Setting up GPU drivers
Mostly just installing a bunch of Linux packages.
- Try seeing if I can do GPU stuff already
# apt install clinfo; clinfo
Number of platforms 0
- Figure out what hardware I have
# lspci | grep -i nvidia
00:04.0 3D controller: NVIDIA Corporation GK210GL [Tesla K80] (rev a1)
This is a late-2014 $5000 GPU. Retails for $2500 now. It’s got 24GB of VRAM in it compared to gamer cards’ 6GB or so. It’s really two GPUs in one package, but I think I’m only allowed to use one? Probing shows 12GB of GPU memory available to me.
- Follow the instructions for installing drivers from Google.
This boils down to installing the cuda-8-0 package from an NVIDIA repo. It installs a lot of crap, including Java and a full X11 environment. It took 6 minutes and my install image at the end is about 6.2B.
Note there are many other ways to install CUDA and OpenCL, I’m trusting the Google one. Also there’s a cuda-9-0 out now but I am following the guide instead.
- Enable persistence mode on the GPU. I have no idea what this means; isn’t it delightfully arcane?
# nvidia-smi -pm 1
Enabled persistence mode for GPU 00000000:00:04.0.
- Verify we now have GPUs
clinfo: /usr/local/cuda-8.0/targets/x86_64-linux/lib/libOpenCL.so.1: no version information available (required by clinfo)
Number of platforms 1
Platform Name NVIDIA CUDA
Platform Vendor NVIDIA Corporation
Platform Version OpenCL 1.2 CUDA 9.0.194
- Further optimize the GPU settings based on Google docs.
# sudo nvidia-smi -ac 2505,875
Applications clocks set to “(MEM 2505, SM 875)” for GPU 00000000:00:04.0
# nvidia-smi –auto-boost-default=DISABLED
Compiling and running Leela Zero
- Install a bunch of libraries.
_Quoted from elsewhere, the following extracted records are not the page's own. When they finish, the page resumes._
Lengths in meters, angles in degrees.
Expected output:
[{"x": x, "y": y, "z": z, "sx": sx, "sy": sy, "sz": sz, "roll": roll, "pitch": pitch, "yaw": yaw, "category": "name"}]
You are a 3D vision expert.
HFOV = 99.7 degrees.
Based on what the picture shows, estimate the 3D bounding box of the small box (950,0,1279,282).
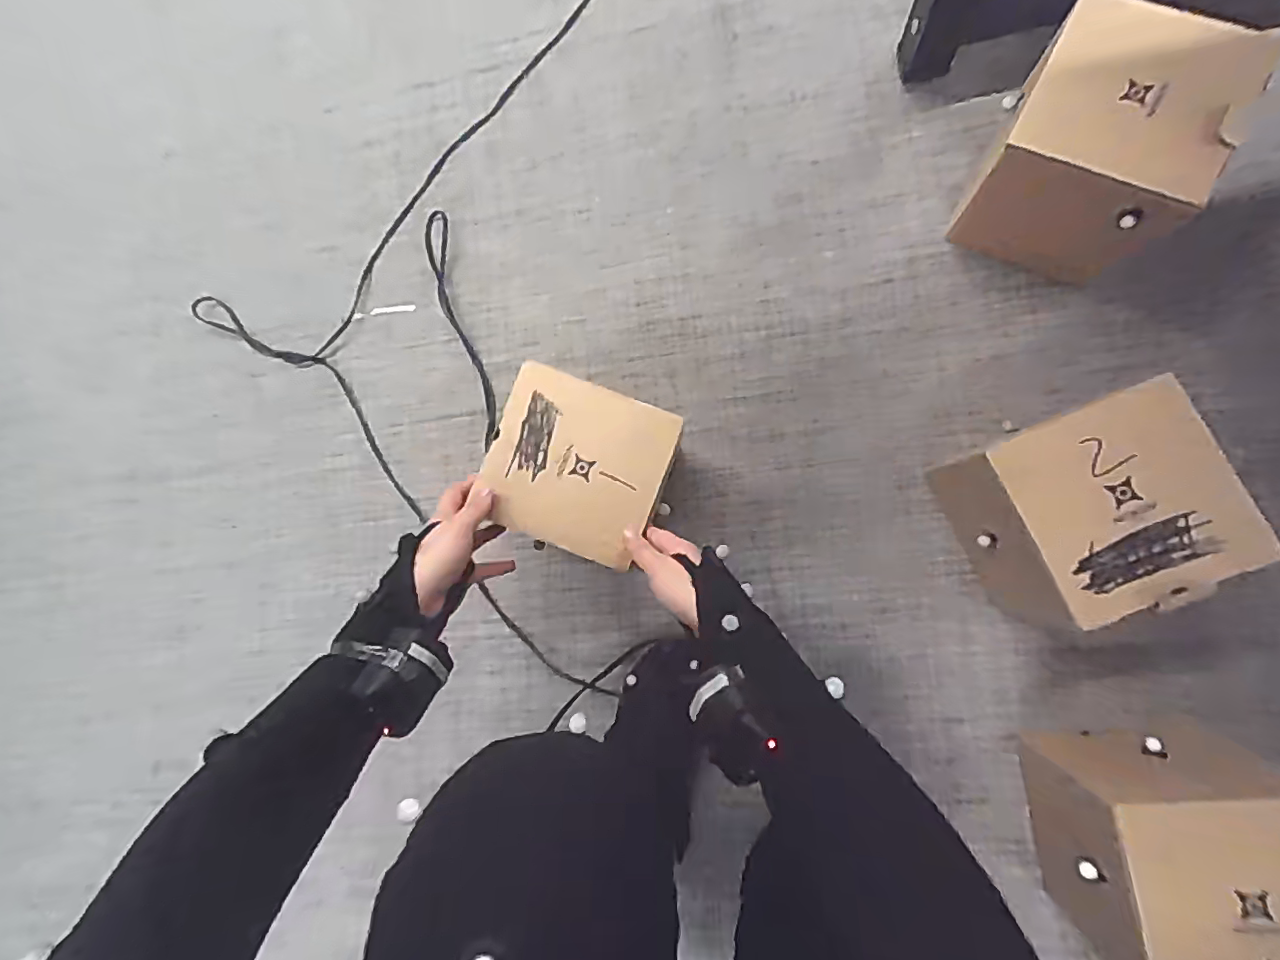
[{"x": 0.467, "y": -0.337, "z": 0.567, "sx": 0.179, "sy": 0.176, "sz": 0.168, "roll": 27, "pitch": 89, "yaw": 11, "category": "small box"}]

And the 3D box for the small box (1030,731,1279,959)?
[{"x": 0.495, "y": 0.343, "z": 0.492, "sx": 0.168, "sy": 0.176, "sz": 0.179, "roll": -9, "pitch": 84, "yaw": 10, "category": "small box"}]

Took about a minute, 500 MB.
- Compile leelaz.
- Run leelaz. It shows you an empty Go board.
- At this point you’re supposed to hook up a fancy graphical Go client. But screw that, we’re hacking.
play black D3
Here’s a sample output from one move
- Compile autogtp
- Copy the leelaz binary into the autogtp directory
- Run autogtp. Here’s a sample output
I didn’t benchmark carefully but I put this here because it’s most likely to be of general interest. Run times are highly variable; my first game on Google Cloud took 720 seconds for 270 moves, my second game lasted 512 moves (!) and took 1028 seconds. So comparing time / game for just a few games is not useful. Perhaps the ms/move numbers are comparable or at least useful for finding optimal work settings, but even they seem highly variable in ways I can’t understand. Benchmarking this for real would take a more serious effort.
- Google Compute. 1 vCPU, K80 CPU.
1 thread: 63% GPU utilization, 800 seconds / game, 2650 ms / move
2 threads: 69% GPU utilization, 1200 s/game, 2500 ms/move.
4 threads: 80% GPU utilization, 1113 s/game, 2110 ms/move
10 threads: 57% GPU utilization, ?
- Windows desktop. i7-7700K (4 cores), GTX 1080 GPU
1 thread: 612 s/game, 1700 ms/move, 30% GPU
2 thread: 389 s/game, 1120 ms/move
3 threads: 260 s/game, 740 ms / move. 70% GPU
4 threads: 286 s/game, 701 ms / move. 84% GPU
5 threads: 291 s/game, 750 ms / move
8 threads: 400 s/game, 740 ms / move, 80% GPU
Bottom line, I’d say the Google Compute systems are roughly 800 seconds / game, or 5 games an hour. That pencils out to about $0.10 a game. My Windows box with better hardware is about 3-4 times faster. I’m guessing it uses about 200W (didn’t measure), which is about $0.08 / hour or < $0.01 / game in electricity costs.
I’m confused about the performance numbers. I think those are normalized by number of simultaneous games (the -g parameter), so lower numbers are always better. The seconds/game number is highly volatile though since game length varies so much. I guess the ms/move parameter goes down on the Linux box with more threads because we use more of the GPU? But why not the same pattern on Windows? FWIW the program author has noted Windows performance is not great.
Leelaz seems to only use 63MiB of GPU memory, so a very low RAM graphics card is probably fine.
One last thing: I’ve been running the Windows .exe binary under Windows Services for Linux. 4 threads in this environment is 710 ms / move. 4 threads in a DOS window is 777 ms / move. Not sure it’s significant, but seemed worth noting.